----- Available records -----

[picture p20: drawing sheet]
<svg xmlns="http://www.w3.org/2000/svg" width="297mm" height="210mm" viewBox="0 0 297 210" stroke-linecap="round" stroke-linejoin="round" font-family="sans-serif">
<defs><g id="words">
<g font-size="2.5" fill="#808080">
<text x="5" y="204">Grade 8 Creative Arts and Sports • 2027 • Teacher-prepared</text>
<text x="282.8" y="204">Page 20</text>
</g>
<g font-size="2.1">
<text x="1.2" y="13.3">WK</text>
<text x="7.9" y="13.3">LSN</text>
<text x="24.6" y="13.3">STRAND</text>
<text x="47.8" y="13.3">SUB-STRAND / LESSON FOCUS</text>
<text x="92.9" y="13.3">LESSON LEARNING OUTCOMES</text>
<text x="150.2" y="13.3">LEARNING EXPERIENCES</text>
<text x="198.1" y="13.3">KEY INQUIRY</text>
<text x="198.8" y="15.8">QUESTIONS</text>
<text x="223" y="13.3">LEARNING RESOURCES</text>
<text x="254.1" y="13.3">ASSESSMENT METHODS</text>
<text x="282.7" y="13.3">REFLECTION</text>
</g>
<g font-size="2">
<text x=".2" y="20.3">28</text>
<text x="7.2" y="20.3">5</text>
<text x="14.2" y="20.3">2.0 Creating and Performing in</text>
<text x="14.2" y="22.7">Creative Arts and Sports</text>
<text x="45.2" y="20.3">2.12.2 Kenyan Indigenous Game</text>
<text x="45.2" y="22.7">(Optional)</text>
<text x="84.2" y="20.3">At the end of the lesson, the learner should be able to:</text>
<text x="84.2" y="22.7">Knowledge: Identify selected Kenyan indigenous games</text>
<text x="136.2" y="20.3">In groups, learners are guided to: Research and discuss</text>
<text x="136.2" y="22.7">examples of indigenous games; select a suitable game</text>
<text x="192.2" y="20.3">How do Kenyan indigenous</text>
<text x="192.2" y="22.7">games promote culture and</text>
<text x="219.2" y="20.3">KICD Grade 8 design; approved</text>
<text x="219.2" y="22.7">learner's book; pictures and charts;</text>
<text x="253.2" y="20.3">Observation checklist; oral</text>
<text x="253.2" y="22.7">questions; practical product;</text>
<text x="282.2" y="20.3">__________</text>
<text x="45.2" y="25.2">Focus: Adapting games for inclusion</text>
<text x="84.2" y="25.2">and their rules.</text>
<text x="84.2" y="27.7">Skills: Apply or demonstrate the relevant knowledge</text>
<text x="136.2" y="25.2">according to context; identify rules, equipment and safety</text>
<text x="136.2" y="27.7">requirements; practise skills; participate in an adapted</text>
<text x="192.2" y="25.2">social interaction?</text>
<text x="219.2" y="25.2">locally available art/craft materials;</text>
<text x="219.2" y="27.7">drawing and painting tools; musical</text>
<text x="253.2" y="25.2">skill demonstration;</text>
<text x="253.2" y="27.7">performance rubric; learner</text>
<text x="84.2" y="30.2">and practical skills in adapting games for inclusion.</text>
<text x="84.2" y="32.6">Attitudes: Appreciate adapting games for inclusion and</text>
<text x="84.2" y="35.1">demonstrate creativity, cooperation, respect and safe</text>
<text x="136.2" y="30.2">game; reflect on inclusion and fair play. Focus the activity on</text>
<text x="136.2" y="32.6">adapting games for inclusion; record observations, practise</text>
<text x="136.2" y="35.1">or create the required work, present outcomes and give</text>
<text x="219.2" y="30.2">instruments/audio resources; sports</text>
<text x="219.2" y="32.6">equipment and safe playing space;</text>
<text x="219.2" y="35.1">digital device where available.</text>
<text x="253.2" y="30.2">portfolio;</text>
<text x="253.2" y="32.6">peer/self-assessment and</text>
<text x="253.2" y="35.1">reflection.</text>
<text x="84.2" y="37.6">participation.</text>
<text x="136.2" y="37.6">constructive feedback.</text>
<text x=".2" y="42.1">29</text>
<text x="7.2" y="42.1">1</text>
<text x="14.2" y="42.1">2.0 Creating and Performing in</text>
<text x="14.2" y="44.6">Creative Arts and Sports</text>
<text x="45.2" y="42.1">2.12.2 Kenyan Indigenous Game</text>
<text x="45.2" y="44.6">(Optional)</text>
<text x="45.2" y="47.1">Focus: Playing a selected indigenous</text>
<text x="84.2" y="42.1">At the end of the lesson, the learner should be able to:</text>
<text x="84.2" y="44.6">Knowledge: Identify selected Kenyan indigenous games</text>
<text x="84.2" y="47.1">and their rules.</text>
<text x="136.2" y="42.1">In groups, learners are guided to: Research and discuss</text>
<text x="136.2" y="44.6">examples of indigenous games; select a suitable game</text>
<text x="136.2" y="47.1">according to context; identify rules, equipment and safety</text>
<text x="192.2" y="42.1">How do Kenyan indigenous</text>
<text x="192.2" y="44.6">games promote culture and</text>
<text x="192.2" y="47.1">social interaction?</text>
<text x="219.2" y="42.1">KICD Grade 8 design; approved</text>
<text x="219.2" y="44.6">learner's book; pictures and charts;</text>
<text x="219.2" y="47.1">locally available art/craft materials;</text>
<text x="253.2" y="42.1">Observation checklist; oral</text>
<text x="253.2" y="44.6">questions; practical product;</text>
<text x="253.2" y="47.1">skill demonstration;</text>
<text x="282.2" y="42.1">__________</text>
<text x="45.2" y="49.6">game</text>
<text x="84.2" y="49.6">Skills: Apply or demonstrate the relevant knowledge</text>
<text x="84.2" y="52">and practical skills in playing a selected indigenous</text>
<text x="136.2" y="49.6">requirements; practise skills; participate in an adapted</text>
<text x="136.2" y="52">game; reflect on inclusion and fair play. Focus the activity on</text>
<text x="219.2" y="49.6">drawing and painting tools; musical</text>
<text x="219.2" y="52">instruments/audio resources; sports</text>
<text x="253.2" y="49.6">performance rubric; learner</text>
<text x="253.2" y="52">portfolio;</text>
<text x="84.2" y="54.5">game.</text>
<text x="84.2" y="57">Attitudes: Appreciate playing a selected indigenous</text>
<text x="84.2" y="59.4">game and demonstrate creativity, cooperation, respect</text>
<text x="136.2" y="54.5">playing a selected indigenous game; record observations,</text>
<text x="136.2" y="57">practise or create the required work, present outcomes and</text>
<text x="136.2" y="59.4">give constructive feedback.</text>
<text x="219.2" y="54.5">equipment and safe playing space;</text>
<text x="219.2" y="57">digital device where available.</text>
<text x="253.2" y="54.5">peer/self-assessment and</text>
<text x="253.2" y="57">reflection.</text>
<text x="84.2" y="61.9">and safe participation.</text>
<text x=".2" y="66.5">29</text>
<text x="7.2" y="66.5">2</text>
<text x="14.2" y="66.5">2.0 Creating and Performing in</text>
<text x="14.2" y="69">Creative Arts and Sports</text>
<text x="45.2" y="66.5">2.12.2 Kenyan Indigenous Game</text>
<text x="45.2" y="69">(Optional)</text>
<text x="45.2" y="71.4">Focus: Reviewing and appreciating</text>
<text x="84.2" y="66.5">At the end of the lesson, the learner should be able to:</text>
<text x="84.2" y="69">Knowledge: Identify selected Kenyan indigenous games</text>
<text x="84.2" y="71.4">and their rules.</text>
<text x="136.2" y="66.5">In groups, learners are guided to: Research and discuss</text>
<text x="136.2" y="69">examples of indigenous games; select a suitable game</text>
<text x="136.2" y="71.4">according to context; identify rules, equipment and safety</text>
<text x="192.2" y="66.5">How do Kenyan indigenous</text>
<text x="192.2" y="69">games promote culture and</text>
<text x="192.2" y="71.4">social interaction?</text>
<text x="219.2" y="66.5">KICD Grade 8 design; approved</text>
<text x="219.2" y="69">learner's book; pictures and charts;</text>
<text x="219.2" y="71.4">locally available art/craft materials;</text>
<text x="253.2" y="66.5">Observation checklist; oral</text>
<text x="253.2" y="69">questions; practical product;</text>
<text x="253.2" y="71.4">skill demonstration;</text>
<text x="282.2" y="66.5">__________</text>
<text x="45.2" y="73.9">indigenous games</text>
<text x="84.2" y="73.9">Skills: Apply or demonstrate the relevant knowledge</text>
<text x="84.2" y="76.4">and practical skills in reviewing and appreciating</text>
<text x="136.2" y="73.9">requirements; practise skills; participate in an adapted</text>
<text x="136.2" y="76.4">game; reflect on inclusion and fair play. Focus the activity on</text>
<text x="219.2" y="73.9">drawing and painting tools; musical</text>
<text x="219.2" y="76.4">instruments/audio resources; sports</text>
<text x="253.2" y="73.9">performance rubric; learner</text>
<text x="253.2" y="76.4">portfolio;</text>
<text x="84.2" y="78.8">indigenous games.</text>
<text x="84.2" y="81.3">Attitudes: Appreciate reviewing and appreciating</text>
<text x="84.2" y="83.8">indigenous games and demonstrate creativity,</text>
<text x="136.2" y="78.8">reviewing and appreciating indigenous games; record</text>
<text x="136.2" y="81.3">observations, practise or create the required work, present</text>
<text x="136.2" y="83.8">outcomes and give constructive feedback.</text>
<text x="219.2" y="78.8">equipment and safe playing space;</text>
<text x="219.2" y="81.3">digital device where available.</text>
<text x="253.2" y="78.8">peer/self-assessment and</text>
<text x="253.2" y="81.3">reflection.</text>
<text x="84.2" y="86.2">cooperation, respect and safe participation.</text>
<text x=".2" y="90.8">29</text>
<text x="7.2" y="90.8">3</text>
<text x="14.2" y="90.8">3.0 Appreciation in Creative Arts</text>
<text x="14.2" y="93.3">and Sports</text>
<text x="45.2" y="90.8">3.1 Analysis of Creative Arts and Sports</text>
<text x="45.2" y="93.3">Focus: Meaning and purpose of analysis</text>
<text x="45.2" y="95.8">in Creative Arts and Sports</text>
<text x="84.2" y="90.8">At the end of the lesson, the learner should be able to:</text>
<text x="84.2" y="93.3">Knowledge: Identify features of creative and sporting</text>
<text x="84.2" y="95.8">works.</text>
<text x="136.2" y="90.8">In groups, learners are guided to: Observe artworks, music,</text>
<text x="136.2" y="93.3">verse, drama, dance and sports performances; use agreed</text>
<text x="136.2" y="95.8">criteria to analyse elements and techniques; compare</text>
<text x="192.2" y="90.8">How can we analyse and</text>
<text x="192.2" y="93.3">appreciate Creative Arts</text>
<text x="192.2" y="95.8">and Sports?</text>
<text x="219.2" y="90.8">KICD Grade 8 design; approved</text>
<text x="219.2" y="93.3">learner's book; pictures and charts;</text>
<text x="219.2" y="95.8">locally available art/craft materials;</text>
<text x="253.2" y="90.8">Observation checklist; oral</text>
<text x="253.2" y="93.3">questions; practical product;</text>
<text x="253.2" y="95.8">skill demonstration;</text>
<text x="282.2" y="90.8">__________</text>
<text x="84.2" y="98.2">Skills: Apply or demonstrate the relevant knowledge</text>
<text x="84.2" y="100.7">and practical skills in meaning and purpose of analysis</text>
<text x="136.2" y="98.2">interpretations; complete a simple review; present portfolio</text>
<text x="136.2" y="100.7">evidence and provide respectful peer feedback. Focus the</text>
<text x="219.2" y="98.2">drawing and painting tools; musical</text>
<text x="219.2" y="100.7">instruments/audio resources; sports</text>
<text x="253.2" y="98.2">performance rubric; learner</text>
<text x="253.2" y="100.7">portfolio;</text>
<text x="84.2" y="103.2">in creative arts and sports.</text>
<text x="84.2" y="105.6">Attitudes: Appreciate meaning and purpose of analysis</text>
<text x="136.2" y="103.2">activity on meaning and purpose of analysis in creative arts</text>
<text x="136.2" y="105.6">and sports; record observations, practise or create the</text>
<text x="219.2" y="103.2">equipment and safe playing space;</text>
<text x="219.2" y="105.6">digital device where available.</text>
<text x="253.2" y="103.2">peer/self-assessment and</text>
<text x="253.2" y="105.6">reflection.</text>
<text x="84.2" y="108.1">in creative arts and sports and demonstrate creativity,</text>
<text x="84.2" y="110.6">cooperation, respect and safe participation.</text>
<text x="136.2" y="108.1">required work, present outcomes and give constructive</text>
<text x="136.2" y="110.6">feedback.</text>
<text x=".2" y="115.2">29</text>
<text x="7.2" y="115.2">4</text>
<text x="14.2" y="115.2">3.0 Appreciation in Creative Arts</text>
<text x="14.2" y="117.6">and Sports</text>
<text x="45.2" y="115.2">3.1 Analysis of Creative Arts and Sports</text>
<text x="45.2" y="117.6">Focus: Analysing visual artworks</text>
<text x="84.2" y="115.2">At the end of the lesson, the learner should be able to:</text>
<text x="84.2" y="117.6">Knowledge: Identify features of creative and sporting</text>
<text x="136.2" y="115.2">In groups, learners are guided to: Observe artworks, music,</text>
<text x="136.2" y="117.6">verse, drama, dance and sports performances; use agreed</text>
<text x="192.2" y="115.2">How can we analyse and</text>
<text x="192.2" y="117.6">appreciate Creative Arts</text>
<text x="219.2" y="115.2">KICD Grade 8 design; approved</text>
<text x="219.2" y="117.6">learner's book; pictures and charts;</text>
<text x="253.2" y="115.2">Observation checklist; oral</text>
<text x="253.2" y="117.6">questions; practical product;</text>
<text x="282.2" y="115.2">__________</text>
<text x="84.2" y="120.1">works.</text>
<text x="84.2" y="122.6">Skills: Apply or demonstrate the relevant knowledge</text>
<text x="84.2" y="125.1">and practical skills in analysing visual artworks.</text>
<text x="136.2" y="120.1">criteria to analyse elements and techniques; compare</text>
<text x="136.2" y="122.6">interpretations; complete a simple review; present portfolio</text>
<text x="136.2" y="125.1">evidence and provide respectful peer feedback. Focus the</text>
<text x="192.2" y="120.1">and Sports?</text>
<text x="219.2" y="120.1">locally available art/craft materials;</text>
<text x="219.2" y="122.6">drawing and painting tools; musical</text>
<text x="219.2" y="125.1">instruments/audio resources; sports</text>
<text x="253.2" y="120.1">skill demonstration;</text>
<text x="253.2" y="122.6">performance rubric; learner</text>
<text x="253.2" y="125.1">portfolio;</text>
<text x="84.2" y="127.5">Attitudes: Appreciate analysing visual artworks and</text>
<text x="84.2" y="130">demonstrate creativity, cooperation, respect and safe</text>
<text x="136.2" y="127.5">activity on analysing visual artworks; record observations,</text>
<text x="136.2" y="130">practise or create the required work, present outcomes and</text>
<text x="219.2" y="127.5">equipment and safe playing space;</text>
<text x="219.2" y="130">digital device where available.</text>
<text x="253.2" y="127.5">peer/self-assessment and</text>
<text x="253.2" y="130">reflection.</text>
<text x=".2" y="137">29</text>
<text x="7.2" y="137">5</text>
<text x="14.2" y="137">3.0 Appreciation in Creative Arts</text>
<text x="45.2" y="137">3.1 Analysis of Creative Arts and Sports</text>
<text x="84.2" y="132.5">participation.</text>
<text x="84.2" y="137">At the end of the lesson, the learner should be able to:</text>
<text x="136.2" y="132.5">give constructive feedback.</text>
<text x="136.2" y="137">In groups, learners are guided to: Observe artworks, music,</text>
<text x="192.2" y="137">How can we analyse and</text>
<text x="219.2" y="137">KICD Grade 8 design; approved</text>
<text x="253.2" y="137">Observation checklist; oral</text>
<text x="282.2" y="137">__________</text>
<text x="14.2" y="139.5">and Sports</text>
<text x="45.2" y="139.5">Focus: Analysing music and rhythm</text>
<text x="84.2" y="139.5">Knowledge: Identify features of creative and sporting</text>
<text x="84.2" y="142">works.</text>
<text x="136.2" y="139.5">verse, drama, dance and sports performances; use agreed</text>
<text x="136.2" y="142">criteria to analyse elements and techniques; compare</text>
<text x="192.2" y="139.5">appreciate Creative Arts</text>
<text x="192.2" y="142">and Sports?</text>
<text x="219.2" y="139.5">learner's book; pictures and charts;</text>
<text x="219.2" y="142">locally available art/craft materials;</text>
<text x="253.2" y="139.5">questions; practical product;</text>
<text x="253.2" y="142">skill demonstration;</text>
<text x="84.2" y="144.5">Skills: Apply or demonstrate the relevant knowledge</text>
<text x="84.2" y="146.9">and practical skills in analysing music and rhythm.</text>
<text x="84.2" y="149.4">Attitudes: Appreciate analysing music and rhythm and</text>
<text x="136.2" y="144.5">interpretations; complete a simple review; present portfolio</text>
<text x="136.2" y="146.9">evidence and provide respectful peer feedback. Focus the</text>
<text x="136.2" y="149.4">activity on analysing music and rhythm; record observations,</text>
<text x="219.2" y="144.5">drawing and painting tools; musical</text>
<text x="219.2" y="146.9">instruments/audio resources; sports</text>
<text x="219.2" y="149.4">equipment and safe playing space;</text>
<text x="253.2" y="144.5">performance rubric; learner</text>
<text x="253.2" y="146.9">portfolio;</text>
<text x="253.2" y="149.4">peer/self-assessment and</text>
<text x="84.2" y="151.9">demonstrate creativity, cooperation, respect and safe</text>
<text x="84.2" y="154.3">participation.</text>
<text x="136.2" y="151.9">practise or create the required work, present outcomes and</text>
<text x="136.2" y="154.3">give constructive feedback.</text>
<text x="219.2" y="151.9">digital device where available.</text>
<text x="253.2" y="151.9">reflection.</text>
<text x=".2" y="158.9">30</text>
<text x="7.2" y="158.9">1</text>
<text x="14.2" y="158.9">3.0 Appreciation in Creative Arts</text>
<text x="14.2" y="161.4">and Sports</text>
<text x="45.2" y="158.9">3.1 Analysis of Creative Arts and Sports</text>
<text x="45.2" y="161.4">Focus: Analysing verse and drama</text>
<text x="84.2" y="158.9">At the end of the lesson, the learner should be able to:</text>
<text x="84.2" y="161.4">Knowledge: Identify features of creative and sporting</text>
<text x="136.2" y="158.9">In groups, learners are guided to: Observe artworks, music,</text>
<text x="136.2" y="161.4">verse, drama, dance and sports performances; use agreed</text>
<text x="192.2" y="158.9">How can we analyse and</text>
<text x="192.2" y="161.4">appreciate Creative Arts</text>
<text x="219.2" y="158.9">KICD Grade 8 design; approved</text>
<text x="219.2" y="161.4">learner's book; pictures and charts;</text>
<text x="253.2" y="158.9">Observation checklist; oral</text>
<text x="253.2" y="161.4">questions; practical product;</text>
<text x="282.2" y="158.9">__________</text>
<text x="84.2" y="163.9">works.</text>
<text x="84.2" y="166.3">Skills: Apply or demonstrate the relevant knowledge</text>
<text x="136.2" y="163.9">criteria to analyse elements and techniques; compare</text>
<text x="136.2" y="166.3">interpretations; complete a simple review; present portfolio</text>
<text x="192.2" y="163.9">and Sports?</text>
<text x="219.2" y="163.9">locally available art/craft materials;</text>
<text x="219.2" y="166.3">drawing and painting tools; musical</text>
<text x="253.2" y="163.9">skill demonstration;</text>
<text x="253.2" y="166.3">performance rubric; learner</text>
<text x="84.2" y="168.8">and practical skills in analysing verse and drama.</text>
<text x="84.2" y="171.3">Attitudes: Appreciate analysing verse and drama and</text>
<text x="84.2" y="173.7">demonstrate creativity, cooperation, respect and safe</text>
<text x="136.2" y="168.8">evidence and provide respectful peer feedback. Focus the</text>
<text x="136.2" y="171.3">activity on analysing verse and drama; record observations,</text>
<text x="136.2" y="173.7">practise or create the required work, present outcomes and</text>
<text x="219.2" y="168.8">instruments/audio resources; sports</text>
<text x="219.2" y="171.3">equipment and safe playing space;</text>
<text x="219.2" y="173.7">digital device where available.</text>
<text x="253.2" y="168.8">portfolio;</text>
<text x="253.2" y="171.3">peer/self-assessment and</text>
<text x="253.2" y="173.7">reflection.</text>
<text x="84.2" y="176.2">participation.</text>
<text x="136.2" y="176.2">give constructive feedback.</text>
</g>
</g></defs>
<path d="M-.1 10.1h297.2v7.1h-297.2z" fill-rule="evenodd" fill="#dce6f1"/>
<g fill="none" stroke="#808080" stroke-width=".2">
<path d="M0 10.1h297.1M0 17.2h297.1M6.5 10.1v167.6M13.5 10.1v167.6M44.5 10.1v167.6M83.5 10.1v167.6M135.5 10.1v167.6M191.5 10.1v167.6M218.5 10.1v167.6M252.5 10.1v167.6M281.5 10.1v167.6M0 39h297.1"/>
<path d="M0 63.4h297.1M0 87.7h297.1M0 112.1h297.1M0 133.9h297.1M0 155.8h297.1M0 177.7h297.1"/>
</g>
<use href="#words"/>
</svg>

-----

→ **About this exercise**: With "device" as the word to match, copy each line of the records that has it.

→ **Solution**:
<text x="219.2" y="35.1">digital device where available.</text>
<text x="219.2" y="57">digital device where available.</text>
<text x="219.2" y="81.3">digital device where available.</text>
<text x="219.2" y="105.6">digital device where available.</text>
<text x="219.2" y="130">digital device where available.</text>
<text x="219.2" y="151.9">digital device where available.</text>
<text x="219.2" y="173.7">digital device where available.</text>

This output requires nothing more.